— What is needed —
Copy exactly the lines of the records below, and only those lines, beginning with the line that contains "picture [150, 1302, 586, 1460]" and ending with the line that contains "list Realiza setări/resetări totale".

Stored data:
----------

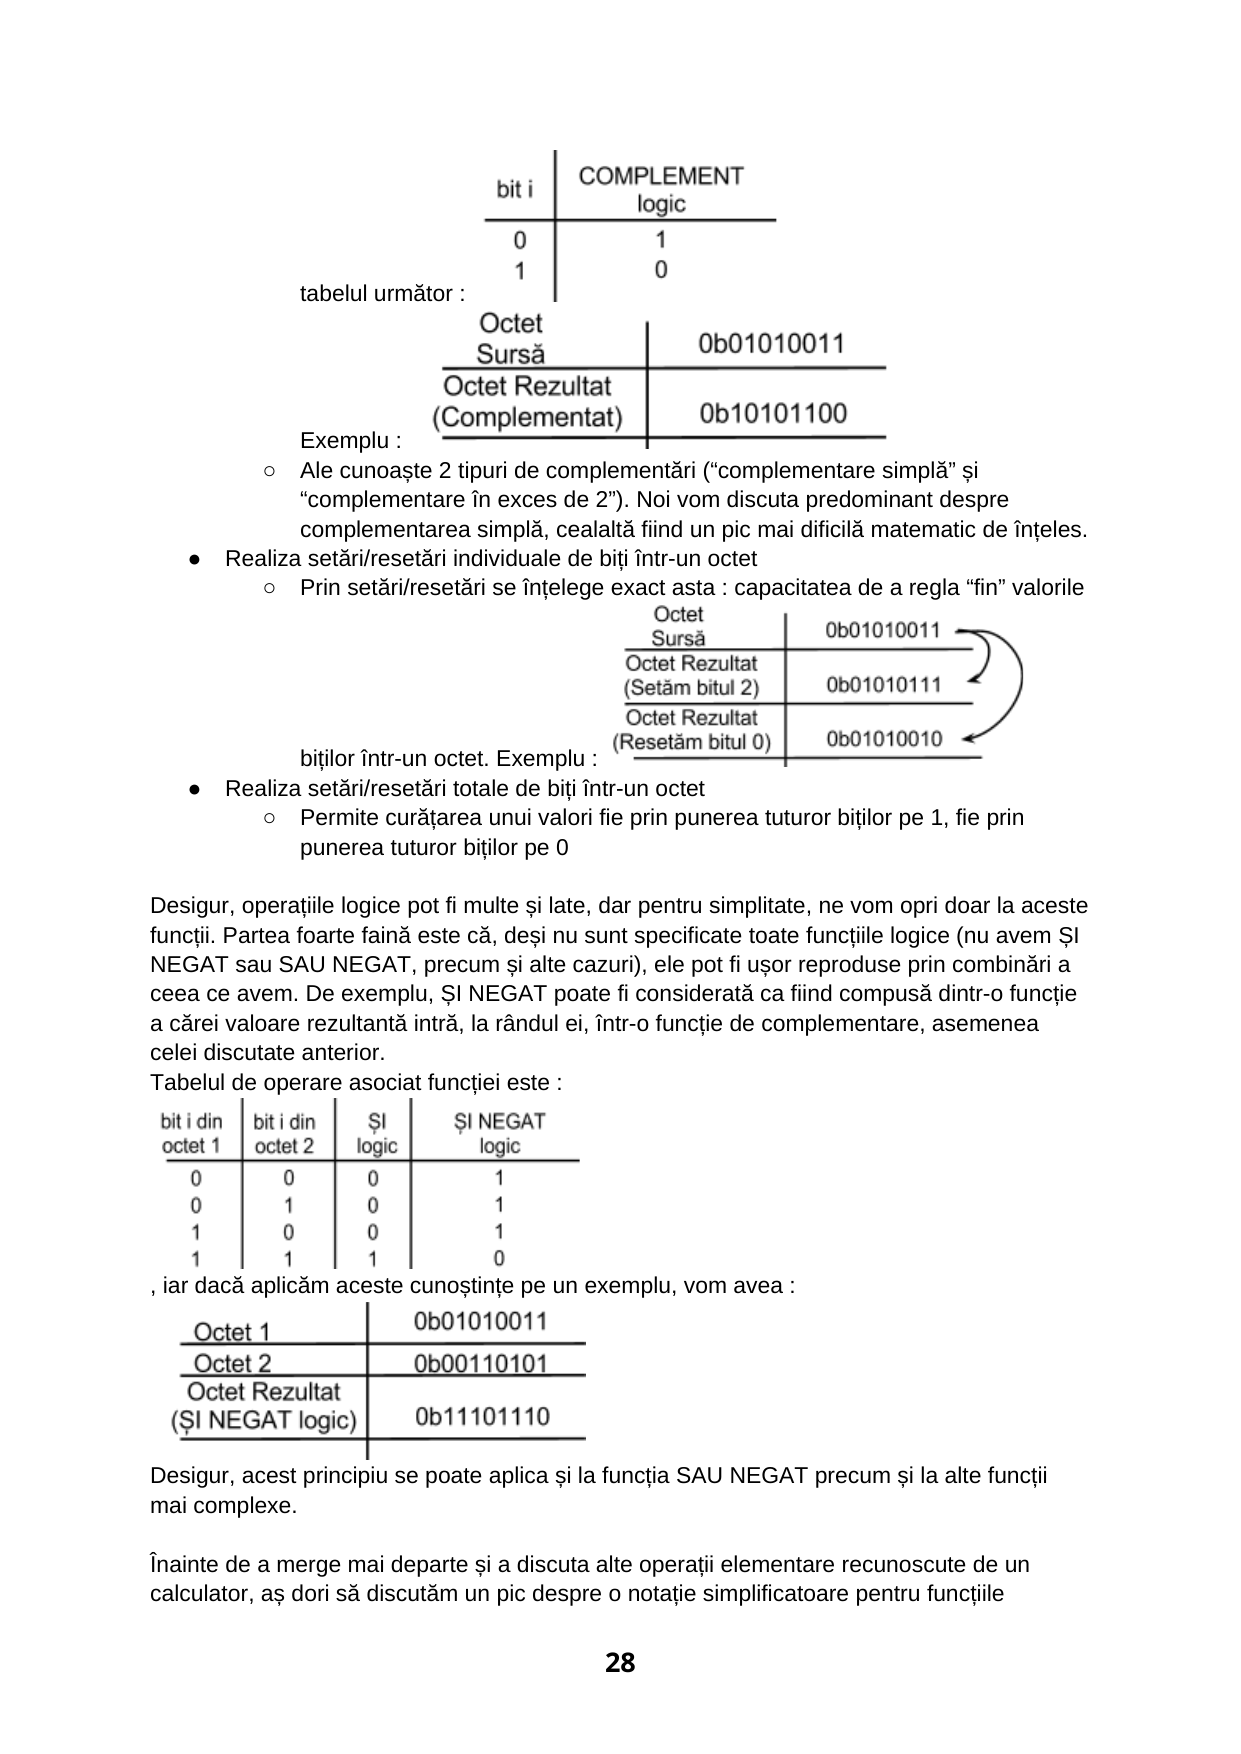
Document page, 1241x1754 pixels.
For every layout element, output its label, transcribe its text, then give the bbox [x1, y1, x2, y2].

text Tabelul de operare asociat funcției este : [150, 1069, 1090, 1095]
picture [598, 604, 1024, 767]
text Înainte de a merge mai departe și a discuta alte operații elementare recunoscute de un calculator, aș dori să discutăm un pic despre o notație simplificatoare pentru funcțiile [150, 1551, 1090, 1606]
text Desigur, acest principiu se poate aplica și la funcția SAU NEGAT precum și la alte funcții mai complexe. [150, 1463, 1090, 1518]
list Realiza setări/resetări individuale de biți într-un octet [187, 546, 1090, 571]
picture [150, 1302, 586, 1460]
picture [465, 150, 777, 302]
list Permite curățarea unui valori fie prin punerea tuturor biților pe 1, fie prin punerea tuturor biților pe 0 [262, 805, 1090, 860]
picture [150, 1098, 580, 1269]
text Desigur, operațiile logice pot fi multe și late, dar pentru simplitate, ne vom opri doar la aceste funcții. Partea foarte faină este că, deși nu sunt specificate toate funcțiile logice (nu avem ȘI NEGAT sau SAU NEGAT, precum și alte cazuri), ele pot fi ușor reproduse prin combinări a ceea ce avem. De exemplu, ȘI NEGAT poate fi considerată ca fiind compusă dintr-o funcție a cărei valoare rezultantă intră, la rândul ei, într-o funcție de complementare, asemenea celei discutate anterior. [150, 893, 1090, 1066]
picture [408, 310, 887, 449]
list tabelul următor : Exemplu : [262, 150, 1090, 454]
list Ale cunoaște 2 tipuri de complementări (“complementare simplă” și “complementare în exces de 2”). Noi vom discuta predominant despre complementarea simplă, cealaltă fiind un pic mai dificilă matematic de înțeles. [262, 457, 1090, 542]
text , iar dacă aplicăm aceste cunoștințe pe un exemplu, vom avea : [150, 1273, 1090, 1298]
list Realiza setări/resetări totale de biți într-un octet [187, 776, 1090, 801]
list Prin setări/resetări se înțelege exact asta : capacitatea de a regla “fin” valorile biților într-un octet. Exemplu : [262, 575, 1090, 772]

----------

— Reply —
picture [150, 1302, 586, 1460]
picture [465, 150, 777, 302]
list Permite curățarea unui valori fie prin punerea tuturor biților pe 1, fie prin punerea tuturor biților pe 0 [262, 805, 1090, 860]
picture [150, 1098, 580, 1269]
text Desigur, operațiile logice pot fi multe și late, dar pentru simplitate, ne vom opri doar la aceste funcții. Partea foarte faină este că, deși nu sunt specificate toate funcțiile logice (nu avem ȘI NEGAT sau SAU NEGAT, precum și alte cazuri), ele pot fi ușor reproduse prin combinări a ceea ce avem. De exemplu, ȘI NEGAT poate fi considerată ca fiind compusă dintr-o funcție a cărei valoare rezultantă intră, la rândul ei, într-o funcție de complementare, asemenea celei discutate anterior. [150, 893, 1090, 1066]
picture [408, 310, 887, 449]
list tabelul următor : Exemplu : [262, 150, 1090, 454]
list Ale cunoaște 2 tipuri de complementări (“complementare simplă” și “complementare în exces de 2”). Noi vom discuta predominant despre complementarea simplă, cealaltă fiind un pic mai dificilă matematic de înțeles. [262, 457, 1090, 542]
text , iar dacă aplicăm aceste cunoștințe pe un exemplu, vom avea : [150, 1273, 1090, 1298]
list Realiza setări/resetări totale de biți într-un octet [187, 776, 1090, 801]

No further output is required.